Without including any pictures, copy every line below exactly.

Extracted data entries
────────────────────────────────────────

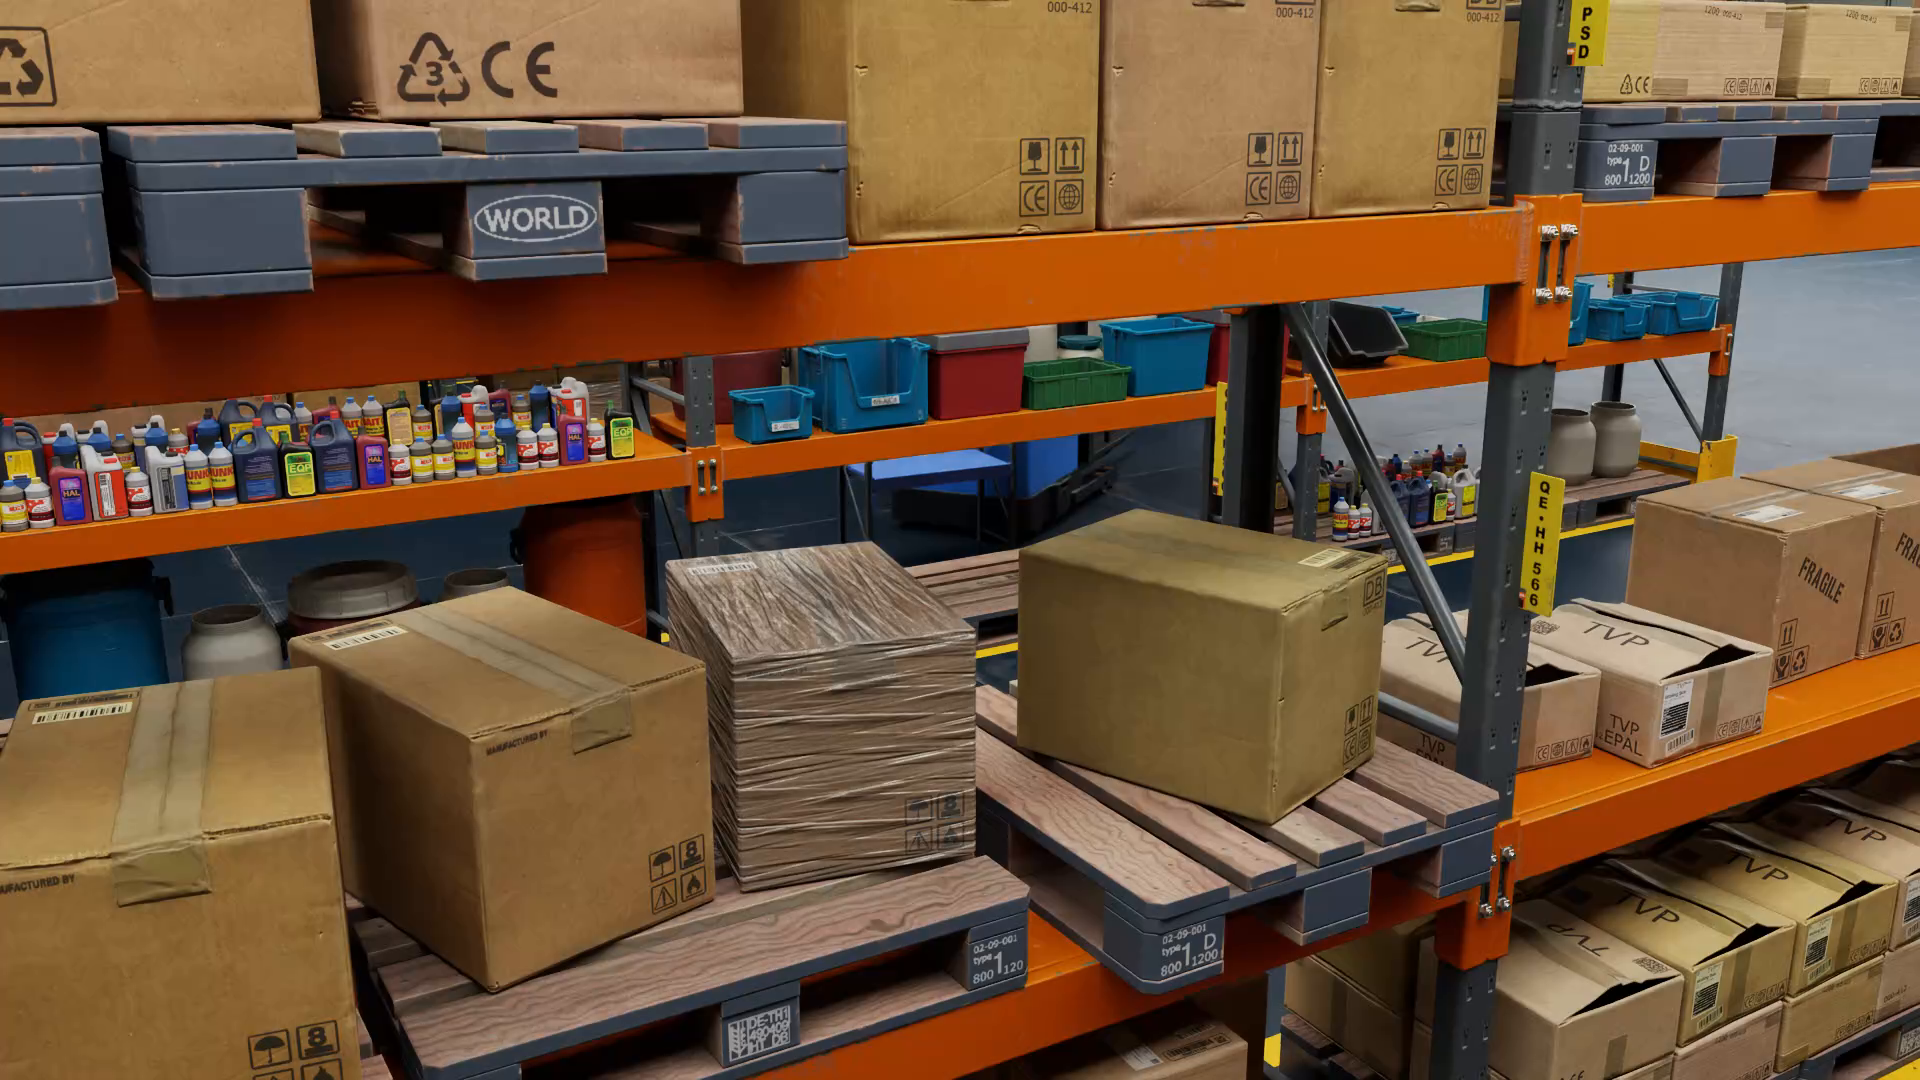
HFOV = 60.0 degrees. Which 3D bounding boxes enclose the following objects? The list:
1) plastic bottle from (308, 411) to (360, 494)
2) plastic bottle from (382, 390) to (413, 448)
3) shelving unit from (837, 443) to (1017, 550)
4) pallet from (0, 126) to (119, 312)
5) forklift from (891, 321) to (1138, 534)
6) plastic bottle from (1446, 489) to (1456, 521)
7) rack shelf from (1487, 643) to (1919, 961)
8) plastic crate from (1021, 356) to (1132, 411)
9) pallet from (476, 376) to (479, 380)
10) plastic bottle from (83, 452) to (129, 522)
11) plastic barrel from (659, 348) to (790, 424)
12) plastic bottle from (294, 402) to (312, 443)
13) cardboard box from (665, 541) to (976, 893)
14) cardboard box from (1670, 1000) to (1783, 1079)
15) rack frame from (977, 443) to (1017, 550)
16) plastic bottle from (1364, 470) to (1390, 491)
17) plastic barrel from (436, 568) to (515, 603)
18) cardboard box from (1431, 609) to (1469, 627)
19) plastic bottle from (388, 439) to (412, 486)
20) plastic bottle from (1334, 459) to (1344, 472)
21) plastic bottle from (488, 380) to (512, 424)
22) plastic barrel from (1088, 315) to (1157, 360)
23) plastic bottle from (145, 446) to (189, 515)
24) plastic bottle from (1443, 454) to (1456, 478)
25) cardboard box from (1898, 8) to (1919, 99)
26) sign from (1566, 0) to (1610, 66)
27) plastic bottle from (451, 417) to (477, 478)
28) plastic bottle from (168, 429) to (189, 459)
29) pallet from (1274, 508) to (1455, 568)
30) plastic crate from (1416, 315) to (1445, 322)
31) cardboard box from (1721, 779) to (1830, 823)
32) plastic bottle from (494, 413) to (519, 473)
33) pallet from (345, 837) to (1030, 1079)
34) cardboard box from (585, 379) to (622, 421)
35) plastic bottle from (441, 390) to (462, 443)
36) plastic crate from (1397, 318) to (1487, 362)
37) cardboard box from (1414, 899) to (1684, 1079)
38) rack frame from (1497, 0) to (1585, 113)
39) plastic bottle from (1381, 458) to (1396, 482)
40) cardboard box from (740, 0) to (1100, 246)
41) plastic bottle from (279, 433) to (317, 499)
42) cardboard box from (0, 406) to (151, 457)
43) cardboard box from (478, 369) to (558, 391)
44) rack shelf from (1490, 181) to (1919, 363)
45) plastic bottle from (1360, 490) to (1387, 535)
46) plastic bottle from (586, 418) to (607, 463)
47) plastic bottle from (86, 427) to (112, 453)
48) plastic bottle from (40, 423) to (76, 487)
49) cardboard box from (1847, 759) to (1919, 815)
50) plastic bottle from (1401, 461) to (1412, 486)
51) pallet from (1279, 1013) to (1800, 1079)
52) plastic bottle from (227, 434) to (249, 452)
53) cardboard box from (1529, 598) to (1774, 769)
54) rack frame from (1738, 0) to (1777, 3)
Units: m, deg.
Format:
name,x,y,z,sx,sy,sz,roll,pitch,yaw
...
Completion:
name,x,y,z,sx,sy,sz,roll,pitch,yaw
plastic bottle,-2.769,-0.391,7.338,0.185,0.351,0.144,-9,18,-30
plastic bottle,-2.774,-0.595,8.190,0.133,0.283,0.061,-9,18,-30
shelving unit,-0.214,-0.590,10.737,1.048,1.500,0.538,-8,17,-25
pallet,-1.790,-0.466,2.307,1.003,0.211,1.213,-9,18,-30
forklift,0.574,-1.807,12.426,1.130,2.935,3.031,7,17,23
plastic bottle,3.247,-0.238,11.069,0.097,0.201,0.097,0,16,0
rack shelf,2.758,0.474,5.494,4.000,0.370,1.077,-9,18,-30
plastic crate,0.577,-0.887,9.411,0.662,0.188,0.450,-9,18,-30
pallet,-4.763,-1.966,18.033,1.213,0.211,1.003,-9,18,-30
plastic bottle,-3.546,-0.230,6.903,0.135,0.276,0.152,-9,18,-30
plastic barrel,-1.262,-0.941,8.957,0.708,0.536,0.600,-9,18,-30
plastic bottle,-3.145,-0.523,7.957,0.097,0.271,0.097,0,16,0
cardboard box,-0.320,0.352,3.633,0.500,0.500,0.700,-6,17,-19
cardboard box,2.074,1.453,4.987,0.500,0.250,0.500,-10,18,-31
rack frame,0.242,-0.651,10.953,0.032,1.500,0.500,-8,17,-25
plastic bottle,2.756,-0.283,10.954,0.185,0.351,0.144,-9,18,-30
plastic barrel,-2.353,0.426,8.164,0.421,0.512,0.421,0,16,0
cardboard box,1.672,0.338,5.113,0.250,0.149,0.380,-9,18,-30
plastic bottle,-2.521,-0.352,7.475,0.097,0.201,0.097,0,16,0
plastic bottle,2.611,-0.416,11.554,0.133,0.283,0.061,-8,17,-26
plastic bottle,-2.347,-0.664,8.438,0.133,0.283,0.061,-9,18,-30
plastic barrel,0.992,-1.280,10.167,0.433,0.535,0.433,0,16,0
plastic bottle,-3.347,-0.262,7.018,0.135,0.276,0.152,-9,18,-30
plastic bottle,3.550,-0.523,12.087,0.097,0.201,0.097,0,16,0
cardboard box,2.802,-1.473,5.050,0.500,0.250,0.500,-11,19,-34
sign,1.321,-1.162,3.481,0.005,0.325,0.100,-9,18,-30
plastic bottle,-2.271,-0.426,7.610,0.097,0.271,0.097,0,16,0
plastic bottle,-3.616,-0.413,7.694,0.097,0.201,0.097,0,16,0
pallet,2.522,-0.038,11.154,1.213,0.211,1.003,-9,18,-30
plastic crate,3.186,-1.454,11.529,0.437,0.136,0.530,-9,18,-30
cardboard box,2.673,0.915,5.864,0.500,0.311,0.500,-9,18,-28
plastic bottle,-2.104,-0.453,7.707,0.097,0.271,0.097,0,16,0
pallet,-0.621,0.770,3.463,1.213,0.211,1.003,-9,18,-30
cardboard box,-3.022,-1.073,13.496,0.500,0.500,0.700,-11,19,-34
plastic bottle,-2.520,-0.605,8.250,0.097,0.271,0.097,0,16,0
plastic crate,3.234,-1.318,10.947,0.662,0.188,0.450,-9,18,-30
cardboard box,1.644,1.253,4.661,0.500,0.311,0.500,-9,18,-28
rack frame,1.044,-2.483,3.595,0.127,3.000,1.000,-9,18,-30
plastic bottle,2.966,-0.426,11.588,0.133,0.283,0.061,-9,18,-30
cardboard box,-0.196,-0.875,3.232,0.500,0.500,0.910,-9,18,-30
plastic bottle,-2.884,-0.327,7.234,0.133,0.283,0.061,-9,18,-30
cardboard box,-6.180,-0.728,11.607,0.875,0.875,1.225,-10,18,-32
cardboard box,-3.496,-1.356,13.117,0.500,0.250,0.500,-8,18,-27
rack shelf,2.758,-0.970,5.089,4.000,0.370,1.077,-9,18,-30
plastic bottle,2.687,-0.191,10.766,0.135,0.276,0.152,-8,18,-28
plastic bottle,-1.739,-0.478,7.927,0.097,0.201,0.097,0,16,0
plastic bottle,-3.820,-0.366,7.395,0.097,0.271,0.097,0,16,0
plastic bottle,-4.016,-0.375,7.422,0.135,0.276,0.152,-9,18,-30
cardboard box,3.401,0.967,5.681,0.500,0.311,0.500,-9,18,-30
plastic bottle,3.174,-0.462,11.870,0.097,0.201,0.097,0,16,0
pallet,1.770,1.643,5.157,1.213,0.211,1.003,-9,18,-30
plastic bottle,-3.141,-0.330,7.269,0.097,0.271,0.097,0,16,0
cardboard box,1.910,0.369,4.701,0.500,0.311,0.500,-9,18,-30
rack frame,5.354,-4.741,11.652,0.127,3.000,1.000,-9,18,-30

────────────────────────────────────────

[Task solution]:
HFOV = 60.0 degrees. Which 3D bounding boxes enclose the following objects? The list:
1) plastic bottle from (308, 411) to (360, 494)
2) plastic bottle from (382, 390) to (413, 448)
3) shelving unit from (837, 443) to (1017, 550)
4) pallet from (0, 126) to (119, 312)
5) forklift from (891, 321) to (1138, 534)
6) plastic bottle from (1446, 489) to (1456, 521)
7) rack shelf from (1487, 643) to (1919, 961)
8) plastic crate from (1021, 356) to (1132, 411)
9) pallet from (476, 376) to (479, 380)
10) plastic bottle from (83, 452) to (129, 522)
11) plastic barrel from (659, 348) to (790, 424)
12) plastic bottle from (294, 402) to (312, 443)
13) cardboard box from (665, 541) to (976, 893)
14) cardboard box from (1670, 1000) to (1783, 1079)
15) rack frame from (977, 443) to (1017, 550)
16) plastic bottle from (1364, 470) to (1390, 491)
17) plastic barrel from (436, 568) to (515, 603)
18) cardboard box from (1431, 609) to (1469, 627)
19) plastic bottle from (388, 439) to (412, 486)
20) plastic bottle from (1334, 459) to (1344, 472)
21) plastic bottle from (488, 380) to (512, 424)
22) plastic barrel from (1088, 315) to (1157, 360)
23) plastic bottle from (145, 446) to (189, 515)
24) plastic bottle from (1443, 454) to (1456, 478)
25) cardboard box from (1898, 8) to (1919, 99)
26) sign from (1566, 0) to (1610, 66)
27) plastic bottle from (451, 417) to (477, 478)
28) plastic bottle from (168, 429) to (189, 459)
29) pallet from (1274, 508) to (1455, 568)
30) plastic crate from (1416, 315) to (1445, 322)
31) cardboard box from (1721, 779) to (1830, 823)
32) plastic bottle from (494, 413) to (519, 473)
33) pallet from (345, 837) to (1030, 1079)
34) cardboard box from (585, 379) to (622, 421)
35) plastic bottle from (441, 390) to (462, 443)
36) plastic crate from (1397, 318) to (1487, 362)
37) cardboard box from (1414, 899) to (1684, 1079)
38) rack frame from (1497, 0) to (1585, 113)
39) plastic bottle from (1381, 458) to (1396, 482)
40) cardboard box from (740, 0) to (1100, 246)
41) plastic bottle from (279, 433) to (317, 499)
42) cardboard box from (0, 406) to (151, 457)
43) cardboard box from (478, 369) to (558, 391)
44) rack shelf from (1490, 181) to (1919, 363)
45) plastic bottle from (1360, 490) to (1387, 535)
46) plastic bottle from (586, 418) to (607, 463)
47) plastic bottle from (86, 427) to (112, 453)
48) plastic bottle from (40, 423) to (76, 487)
49) cardboard box from (1847, 759) to (1919, 815)
50) plastic bottle from (1401, 461) to (1412, 486)
51) pallet from (1279, 1013) to (1800, 1079)
52) plastic bottle from (227, 434) to (249, 452)
53) cardboard box from (1529, 598) to (1774, 769)
54) rack frame from (1738, 0) to (1777, 3)
Units: m, deg.
Format:
name,x,y,z,sx,sy,sz,roll,pitch,yaw
...
Completion:
name,x,y,z,sx,sy,sz,roll,pitch,yaw
plastic bottle,-2.769,-0.391,7.338,0.185,0.351,0.144,-9,18,-30
plastic bottle,-2.774,-0.595,8.190,0.133,0.283,0.061,-9,18,-30
shelving unit,-0.214,-0.590,10.737,1.048,1.500,0.538,-8,17,-25
pallet,-1.790,-0.466,2.307,1.003,0.211,1.213,-9,18,-30
forklift,0.574,-1.807,12.426,1.130,2.935,3.031,7,17,23
plastic bottle,3.247,-0.238,11.069,0.097,0.201,0.097,0,16,0
rack shelf,2.758,0.474,5.494,4.000,0.370,1.077,-9,18,-30
plastic crate,0.577,-0.887,9.411,0.662,0.188,0.450,-9,18,-30
pallet,-4.763,-1.966,18.033,1.213,0.211,1.003,-9,18,-30
plastic bottle,-3.546,-0.230,6.903,0.135,0.276,0.152,-9,18,-30
plastic barrel,-1.262,-0.941,8.957,0.708,0.536,0.600,-9,18,-30
plastic bottle,-3.145,-0.523,7.957,0.097,0.271,0.097,0,16,0
cardboard box,-0.320,0.352,3.633,0.500,0.500,0.700,-6,17,-19
cardboard box,2.074,1.453,4.987,0.500,0.250,0.500,-10,18,-31
rack frame,0.242,-0.651,10.953,0.032,1.500,0.500,-8,17,-25
plastic bottle,2.756,-0.283,10.954,0.185,0.351,0.144,-9,18,-30
plastic barrel,-2.353,0.426,8.164,0.421,0.512,0.421,0,16,0
cardboard box,1.672,0.338,5.113,0.250,0.149,0.380,-9,18,-30
plastic bottle,-2.521,-0.352,7.475,0.097,0.201,0.097,0,16,0
plastic bottle,2.611,-0.416,11.554,0.133,0.283,0.061,-8,17,-26
plastic bottle,-2.347,-0.664,8.438,0.133,0.283,0.061,-9,18,-30
plastic barrel,0.992,-1.280,10.167,0.433,0.535,0.433,0,16,0
plastic bottle,-3.347,-0.262,7.018,0.135,0.276,0.152,-9,18,-30
plastic bottle,3.550,-0.523,12.087,0.097,0.201,0.097,0,16,0
cardboard box,2.802,-1.473,5.050,0.500,0.250,0.500,-11,19,-34
sign,1.321,-1.162,3.481,0.005,0.325,0.100,-9,18,-30
plastic bottle,-2.271,-0.426,7.610,0.097,0.271,0.097,0,16,0
plastic bottle,-3.616,-0.413,7.694,0.097,0.201,0.097,0,16,0
pallet,2.522,-0.038,11.154,1.213,0.211,1.003,-9,18,-30
plastic crate,3.186,-1.454,11.529,0.437,0.136,0.530,-9,18,-30
cardboard box,2.673,0.915,5.864,0.500,0.311,0.500,-9,18,-28
plastic bottle,-2.104,-0.453,7.707,0.097,0.271,0.097,0,16,0
pallet,-0.621,0.770,3.463,1.213,0.211,1.003,-9,18,-30
cardboard box,-3.022,-1.073,13.496,0.500,0.500,0.700,-11,19,-34
plastic bottle,-2.520,-0.605,8.250,0.097,0.271,0.097,0,16,0
plastic crate,3.234,-1.318,10.947,0.662,0.188,0.450,-9,18,-30
cardboard box,1.644,1.253,4.661,0.500,0.311,0.500,-9,18,-28
rack frame,1.044,-2.483,3.595,0.127,3.000,1.000,-9,18,-30
plastic bottle,2.966,-0.426,11.588,0.133,0.283,0.061,-9,18,-30
cardboard box,-0.196,-0.875,3.232,0.500,0.500,0.910,-9,18,-30
plastic bottle,-2.884,-0.327,7.234,0.133,0.283,0.061,-9,18,-30
cardboard box,-6.180,-0.728,11.607,0.875,0.875,1.225,-10,18,-32
cardboard box,-3.496,-1.356,13.117,0.500,0.250,0.500,-8,18,-27
rack shelf,2.758,-0.970,5.089,4.000,0.370,1.077,-9,18,-30
plastic bottle,2.687,-0.191,10.766,0.135,0.276,0.152,-8,18,-28
plastic bottle,-1.739,-0.478,7.927,0.097,0.201,0.097,0,16,0
plastic bottle,-3.820,-0.366,7.395,0.097,0.271,0.097,0,16,0
plastic bottle,-4.016,-0.375,7.422,0.135,0.276,0.152,-9,18,-30
cardboard box,3.401,0.967,5.681,0.500,0.311,0.500,-9,18,-30
plastic bottle,3.174,-0.462,11.870,0.097,0.201,0.097,0,16,0
pallet,1.770,1.643,5.157,1.213,0.211,1.003,-9,18,-30
plastic bottle,-3.141,-0.330,7.269,0.097,0.271,0.097,0,16,0
cardboard box,1.910,0.369,4.701,0.500,0.311,0.500,-9,18,-30
rack frame,5.354,-4.741,11.652,0.127,3.000,1.000,-9,18,-30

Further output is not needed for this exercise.